- DIRECTIONS
Below is a set of records; restate each one word for word.
(DATA PROVIDED begins)
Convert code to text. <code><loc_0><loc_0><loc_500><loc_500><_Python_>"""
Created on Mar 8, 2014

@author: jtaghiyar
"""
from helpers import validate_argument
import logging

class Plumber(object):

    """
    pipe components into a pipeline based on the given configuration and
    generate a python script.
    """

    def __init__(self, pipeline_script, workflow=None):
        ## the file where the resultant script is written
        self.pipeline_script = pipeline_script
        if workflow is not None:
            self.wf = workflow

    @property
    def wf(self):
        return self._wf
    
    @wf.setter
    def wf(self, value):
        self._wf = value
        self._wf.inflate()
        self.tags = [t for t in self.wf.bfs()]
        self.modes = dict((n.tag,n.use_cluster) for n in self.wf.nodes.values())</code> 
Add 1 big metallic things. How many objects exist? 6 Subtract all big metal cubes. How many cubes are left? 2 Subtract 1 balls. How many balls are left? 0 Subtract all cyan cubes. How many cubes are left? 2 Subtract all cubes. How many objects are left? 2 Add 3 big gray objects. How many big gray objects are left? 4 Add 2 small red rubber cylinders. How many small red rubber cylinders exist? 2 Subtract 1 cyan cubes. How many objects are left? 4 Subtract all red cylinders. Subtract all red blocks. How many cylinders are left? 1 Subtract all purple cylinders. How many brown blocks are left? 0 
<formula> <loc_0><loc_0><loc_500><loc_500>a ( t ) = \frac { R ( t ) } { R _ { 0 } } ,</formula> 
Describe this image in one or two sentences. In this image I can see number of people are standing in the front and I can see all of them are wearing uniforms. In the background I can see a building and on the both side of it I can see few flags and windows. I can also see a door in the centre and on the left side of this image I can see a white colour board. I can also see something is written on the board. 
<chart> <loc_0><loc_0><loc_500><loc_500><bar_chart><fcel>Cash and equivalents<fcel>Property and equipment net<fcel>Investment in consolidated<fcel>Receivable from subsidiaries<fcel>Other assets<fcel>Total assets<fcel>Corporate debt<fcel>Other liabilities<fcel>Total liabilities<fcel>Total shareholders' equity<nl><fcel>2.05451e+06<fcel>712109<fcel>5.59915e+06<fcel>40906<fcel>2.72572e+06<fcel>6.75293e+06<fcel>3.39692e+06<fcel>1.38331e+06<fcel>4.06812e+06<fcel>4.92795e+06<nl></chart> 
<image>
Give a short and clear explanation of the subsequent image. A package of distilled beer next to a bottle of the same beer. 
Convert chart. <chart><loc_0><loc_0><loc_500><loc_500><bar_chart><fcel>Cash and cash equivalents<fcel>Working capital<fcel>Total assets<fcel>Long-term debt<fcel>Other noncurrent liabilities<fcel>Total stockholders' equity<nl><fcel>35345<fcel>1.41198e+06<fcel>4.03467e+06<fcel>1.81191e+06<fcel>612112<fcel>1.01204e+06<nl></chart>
(DATA PROVIDED ends)
- OUTPUT OF THE TASK
Convert code to text. <code><loc_0><loc_0><loc_500><loc_500><_Python_>"""
Created on Mar 8, 2014

@author: jtaghiyar
"""
from helpers import validate_argument
import logging

class Plumber(object):

    """
    pipe components into a pipeline based on the given configuration and
    generate a python script.
    """

    def __init__(self, pipeline_script, workflow=None):
        ## the file where the resultant script is written
        self.pipeline_script = pipeline_script
        if workflow is not None:
            self.wf = workflow

    @property
    def wf(self):
        return self._wf
    
    @wf.setter
    def wf(self, value):
        self._wf = value
        self._wf.inflate()
        self.tags = [t for t in self.wf.bfs()]
        self.modes = dict((n.tag,n.use_cluster) for n in self.wf.nodes.values())</code> 
Add 1 big metallic things. How many objects exist? 6 Subtract all big metal cubes. How many cubes are left? 2 Subtract 1 balls. How many balls are left? 0 Subtract all cyan cubes. How many cubes are left? 2 Subtract all cubes. How many objects are left? 2 Add 3 big gray objects. How many big gray objects are left? 4 Add 2 small red rubber cylinders. How many small red rubber cylinders exist? 2 Subtract 1 cyan cubes. How many objects are left? 4 Subtract all red cylinders. Subtract all red blocks. How many cylinders are left? 1 Subtract all purple cylinders. How many brown blocks are left? 0 
<formula> <loc_0><loc_0><loc_500><loc_500>a ( t ) = \frac { R ( t ) } { R _ { 0 } } ,</formula> 
Describe this image in one or two sentences. In this image I can see number of people are standing in the front and I can see all of them are wearing uniforms. In the background I can see a building and on the both side of it I can see few flags and windows. I can also see a door in the centre and on the left side of this image I can see a white colour board. I can also see something is written on the board. 
<chart> <loc_0><loc_0><loc_500><loc_500><bar_chart><fcel>Cash and equivalents<fcel>Property and equipment net<fcel>Investment in consolidated<fcel>Receivable from subsidiaries<fcel>Other assets<fcel>Total assets<fcel>Corporate debt<fcel>Other liabilities<fcel>Total liabilities<fcel>Total shareholders' equity<nl><fcel>2.05451e+06<fcel>712109<fcel>5.59915e+06<fcel>40906<fcel>2.72572e+06<fcel>6.75293e+06<fcel>3.39692e+06<fcel>1.38331e+06<fcel>4.06812e+06<fcel>4.92795e+06<nl></chart> 
<image>
Give a short and clear explanation of the subsequent image. A package of distilled beer next to a bottle of the same beer. 
Convert chart. <chart><loc_0><loc_0><loc_500><loc_500><bar_chart><fcel>Cash and cash equivalents<fcel>Working capital<fcel>Total assets<fcel>Long-term debt<fcel>Other noncurrent liabilities<fcel>Total stockholders' equity<nl><fcel>35345<fcel>1.41198e+06<fcel>4.03467e+06<fcel>1.81191e+06<fcel>612112<fcel>1.01204e+06<nl></chart>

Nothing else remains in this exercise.